For me, 8 March is not a day of greetings and congratulations. It is a day to commemorate one of the most cruel and shocking tragedies to have occurred on our continent: the sentencing to death of 56 girls in the Virgen de la Asunción Safe Home in Guatemala, perpetrated by the Guatemalan state under the presidency of Jimmy Morales, who directly gave the order to keep them locked up and thus condemned them to an atrocious death, burned alive.

On that day, the Congress remained silent. So did the Supreme Court of Justice, the police and the Public Prosecutor’s Office. All complicit in an unspeakable act. The television screens showed it all in detail but, to date, the culprits have escaped justice, starting with the former president.

In the days that followed, commentary was divided between those who experienced horror at the tragedy and those who, echoing the atavistic prejudices of a divided society, blamed the victims for their own holocaust.

These girls, as journalist Mariela Castañón had denounced in detailed reports in the newspaper La Hora, were abused in an institution run by the Social Welfare Secretariat of the Presidency of Guatemala, whose mission is to protect children and adolescents from abuse and neglect.

Subsequent allegations found that the girls were raped and suffered extreme punishments, as well as deprivation of food, health care and education. It was also denounced that the centre had been transformed into a sex trafficking site, where the inmates were subjected to prostitution and silence.

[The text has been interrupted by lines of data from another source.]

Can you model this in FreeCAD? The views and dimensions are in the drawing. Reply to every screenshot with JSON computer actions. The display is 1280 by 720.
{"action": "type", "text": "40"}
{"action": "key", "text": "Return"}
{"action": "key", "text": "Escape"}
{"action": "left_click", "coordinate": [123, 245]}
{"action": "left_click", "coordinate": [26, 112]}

This happened on 8 March and we cannot forget it. On that day 41 girls were burnt to death and only 15 survived, if we can even call survival the condemnation of living covered in burns and with serious physical and psychological consequences and who, as a culmination of the abuse they suffered, have received threats to prevent them from talking about the true facts that led them to protest.

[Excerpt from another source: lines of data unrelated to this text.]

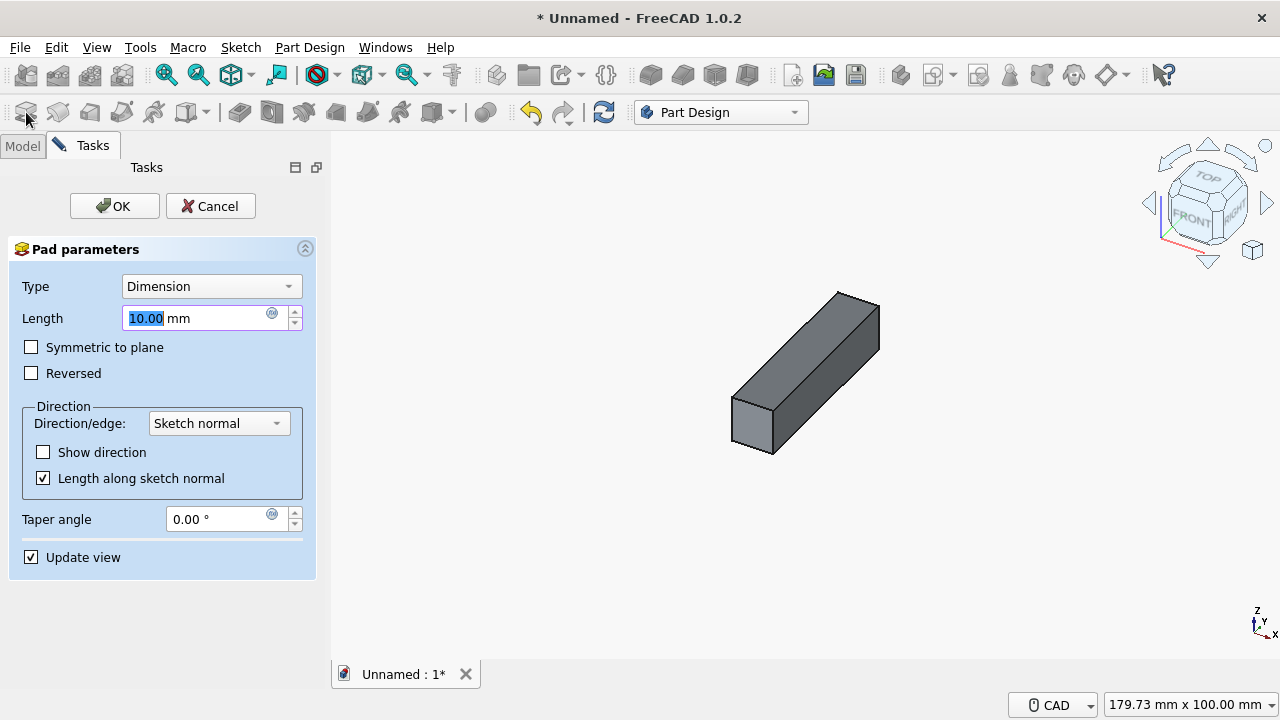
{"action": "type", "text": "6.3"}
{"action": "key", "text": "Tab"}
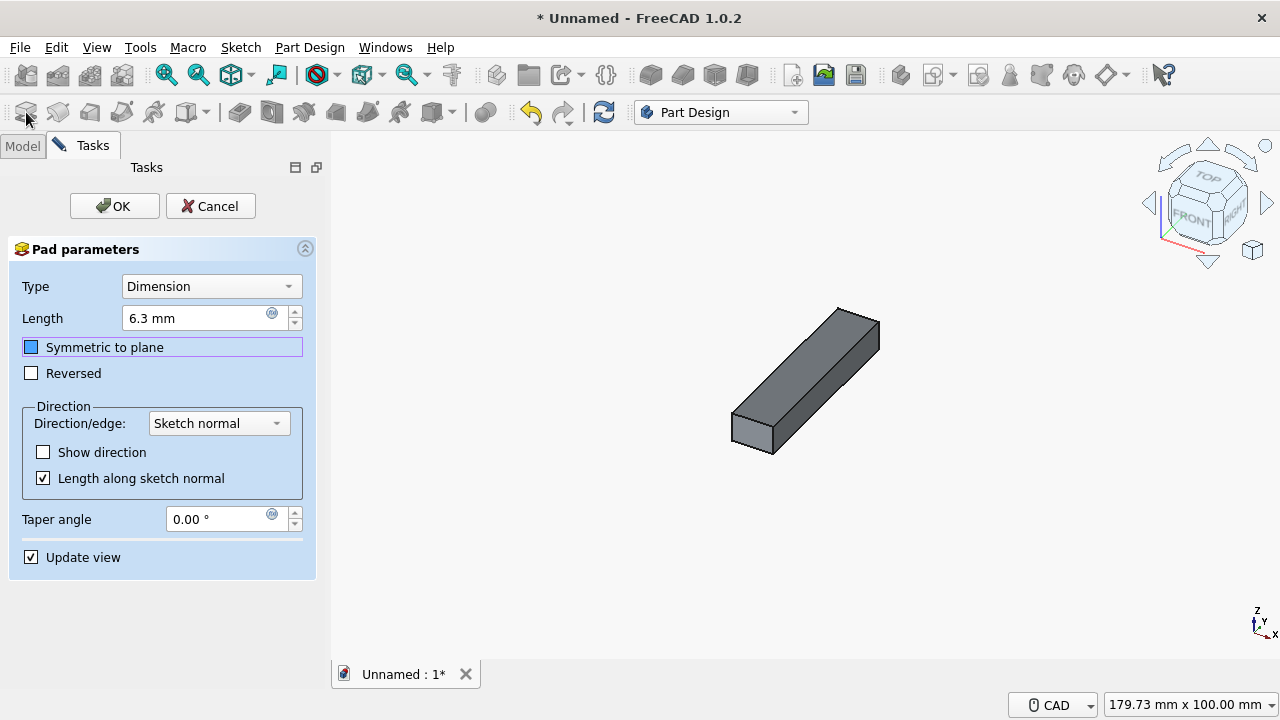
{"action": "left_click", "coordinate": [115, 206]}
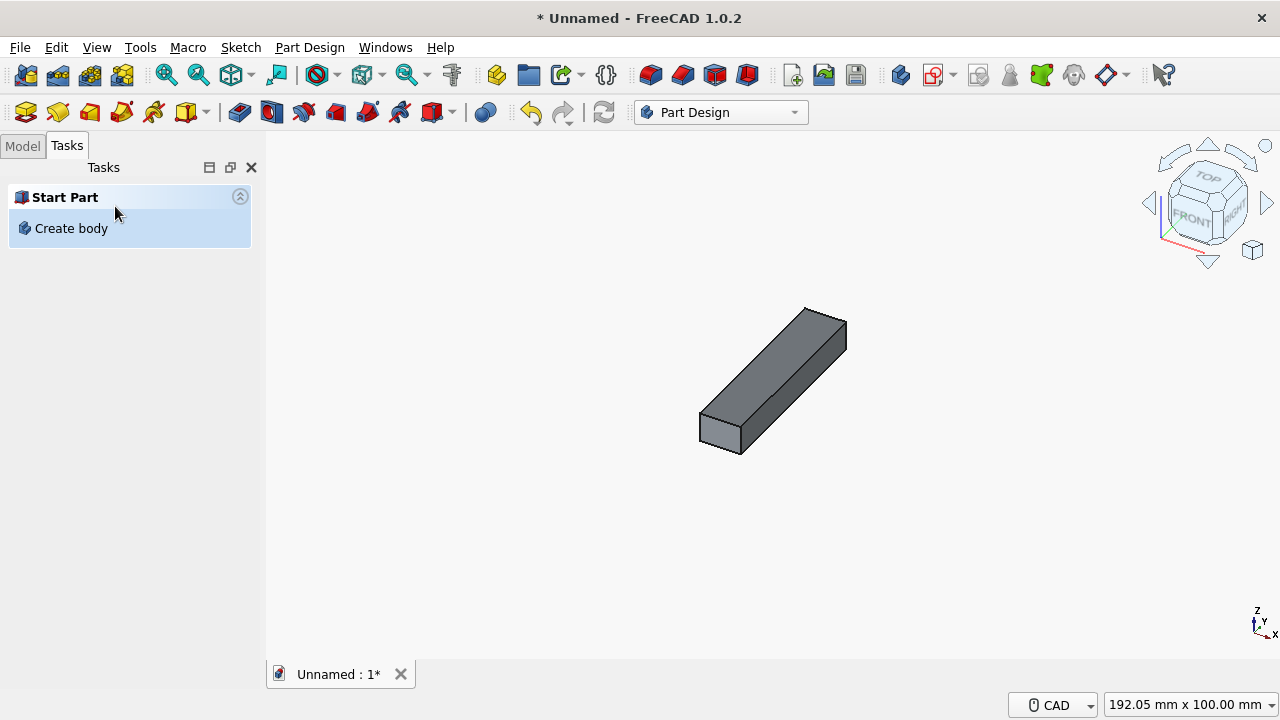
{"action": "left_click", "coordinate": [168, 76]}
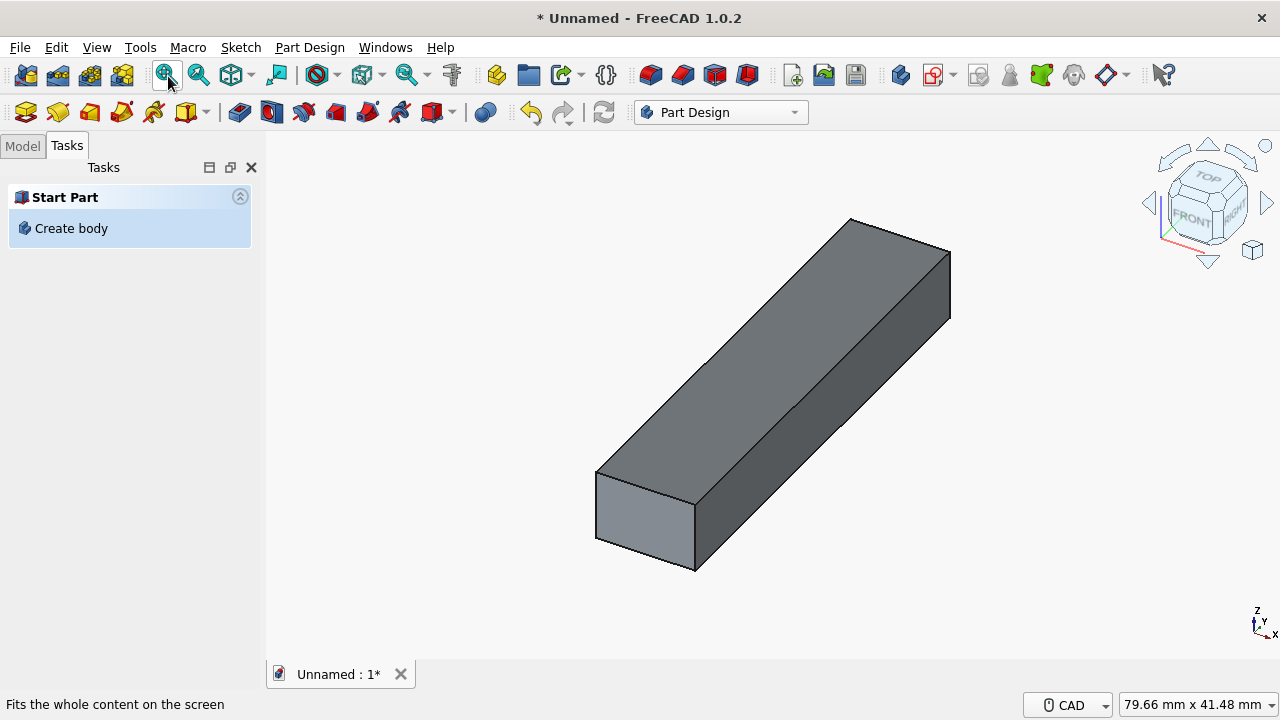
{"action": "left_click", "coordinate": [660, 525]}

8 March is not a day for congratulations or sugar-coated messages. It is a day to remember how far we still have to go to achieve equal rights, to stop the abuse of women, adolescents and girls in a framework of patriarchal societies indifferent to their situation of inequality. March 8th is a day to be ashamed of our submission to a patriarchal, retrograde and perverse system.

It is time to assume our responsibility in this scenario of injustice and to fight against the lack of human sensitivity of those in power who allow tragedies like this to happen.